Selective Electrooxidation of Biomass-Derived Alcohols to Aldehydes in a Neutral Medium: Promoted Water Dissociation over a Nickel-Oxide-Supported Ruthenium Single-Atom Catalyst

Abstract

The biomass-derived alcohol oxidation reaction (BDAOR) holds great promise for sustainable production of chemicals. However, selective electrooxidation of alcohols to value-added aldehyde compounds is still challenging. Herein, we report the electrocatalytic BDAORs to selectively produce aldehydes using single-atom ruthenium on nickel oxide (Ru₁ -NiO) as a catalyst in the neutral medium.
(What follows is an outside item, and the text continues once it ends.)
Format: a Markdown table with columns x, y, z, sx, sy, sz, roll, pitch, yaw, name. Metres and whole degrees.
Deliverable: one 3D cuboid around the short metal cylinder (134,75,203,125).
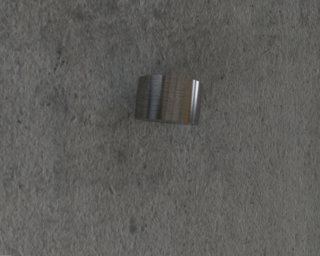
| x | y | z | sx | sy | sz | roll | pitch | yaw | name |
| --- | --- | --- | --- | --- | --- | --- | --- | --- | --- |
| 0.011 | -0.032 | 0.385 | 0.081 | 0.080 | 0.050 | 6 | 88 | -20 | short metal cylinder |

For electrooxidation of 5-hydroxymethylfurfural (HMF), Ru₁ -NiO exhibits a low potential of 1.283 V at 10 mA cm^-2 , and an optimal 2,5-diformylfuran (DFF) selectivity of 90 %. Experimental studies reveal that the neutral electrolyte plays a critical role in achieving a high aldehyde selectivity, and the single-atom Ru boosts HMF oxidation in the neutral medium by promoting water dissociation to afford OH*. Furthermore, Ru₁ -NiO can be extended to selective electrooxidation of a series of biomass-derived alcohols to corresponding aldehydes, which are conventionally difficult to obtain in the alkaline medium.

Keywords: Aldehydes; Biomass Upgrading; Electrocatalysis; Neutral Medium; Single-Atom Catalysts.